In Japan kennt fast jeder Professor Yoshiyuki Sankai, den etwas exaltierten Erfinder der "Roboteranzüge". Regelmäßig präsentiert der großgewachsene Wissenschaftler mit wallender Mähne seine futuristischen Exoskelette in TV-Shows.

Wenn Japan seine Innovationskraft zeigen will, wie etwa beim G-7-Gipfel der führenden Industrienationen oder beim Besuch eines Regierungschefs wie Bundeskanzlerin Angela Merkel, dann präsentierte es gerne Sankais HAL-Roboterhosen, durch die Querschnittgelähmte, Schlaganfall-Patienten oder gehbehinderte Senioren auf einmal wieder laufen können.

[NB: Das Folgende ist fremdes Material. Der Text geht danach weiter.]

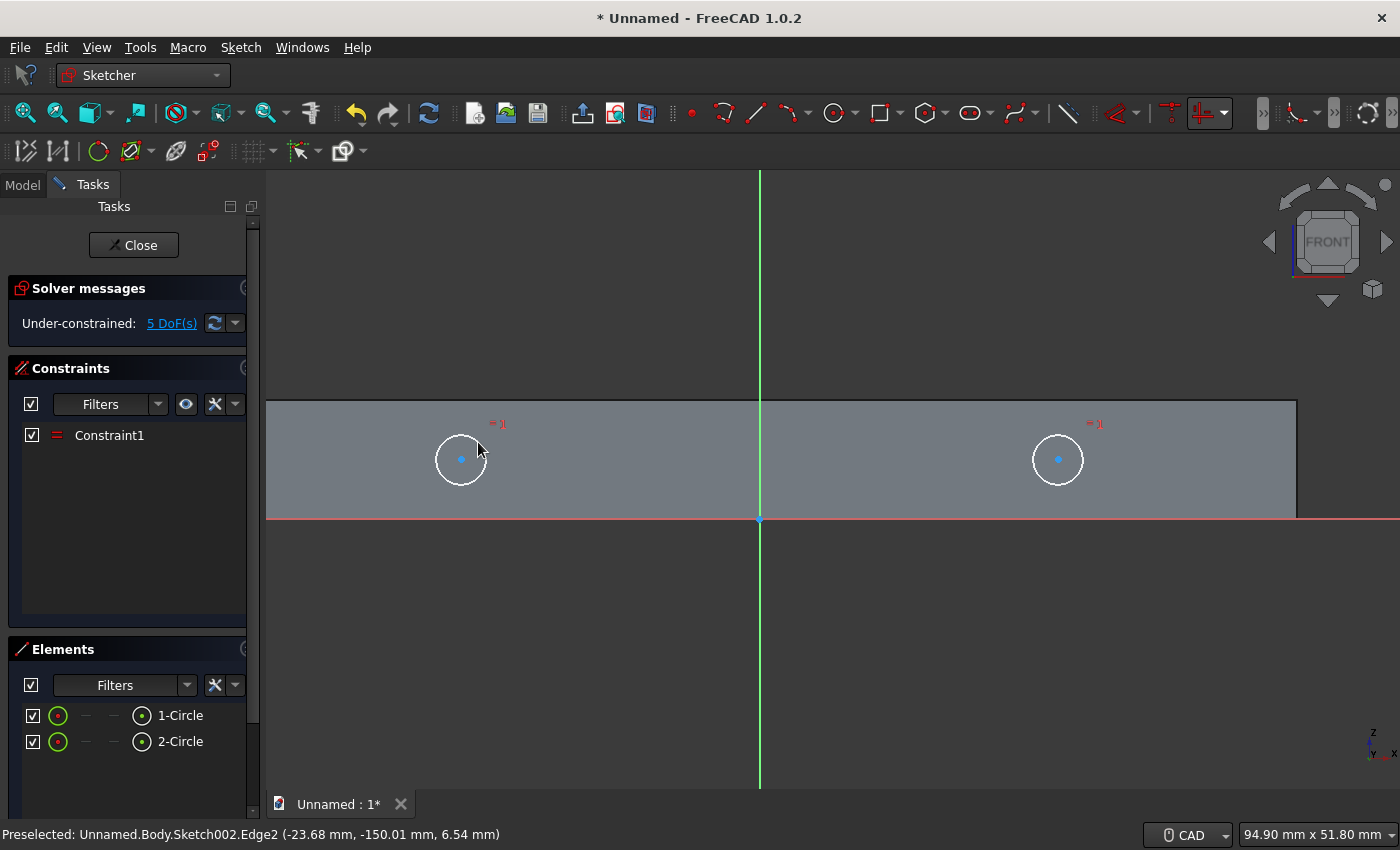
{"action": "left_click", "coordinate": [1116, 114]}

Merck-Wissenschafts-Konferenz "Curious Future Insight" in Darmstadt
Roboter-Hüftgurte helfen in Japan bei SchwerstarbeitBild: DW/A. Freund

Neben den Geh-Hilfen hat der Kybernetik-Pionier inzwischen auch eine Hüftapparatur erfunden, die etwa in der Altenpflege, bei Ernteeinsätzen oder bei Bauarbeiten das Heben erleichtert. Mit HAL 5, dem Ganzkörper-Exoskelett für Arme, Beine und Torso, kann der Träger sogar fünfmal soviel Gewicht heben wie ohne Anzug.

Genutzt wurden die mechanischen Hilfen auch bei den Aufräumarbeiten rund um das verstrahlte Atomkraftwerk Fukushima oder bei der jüngsten Flutkatastrohe in Sankais Heimatregion Okayama. Das war Professor Sankai offenkundig ein Herzensanliegen, ein stolzes Lächeln huscht ihm über das Gesicht.  

In Japan werden Roboter als Helfer angesehen

Längst werden die Roboterhosen HAL (Hybrid Assistive Limb: hybride unterstützende Gliedmaße) in zahlreichen Krankenhäusern eingesetzt - Sankais Firma Cyberdyne vermietet sie für rund 700 Euro monatlich.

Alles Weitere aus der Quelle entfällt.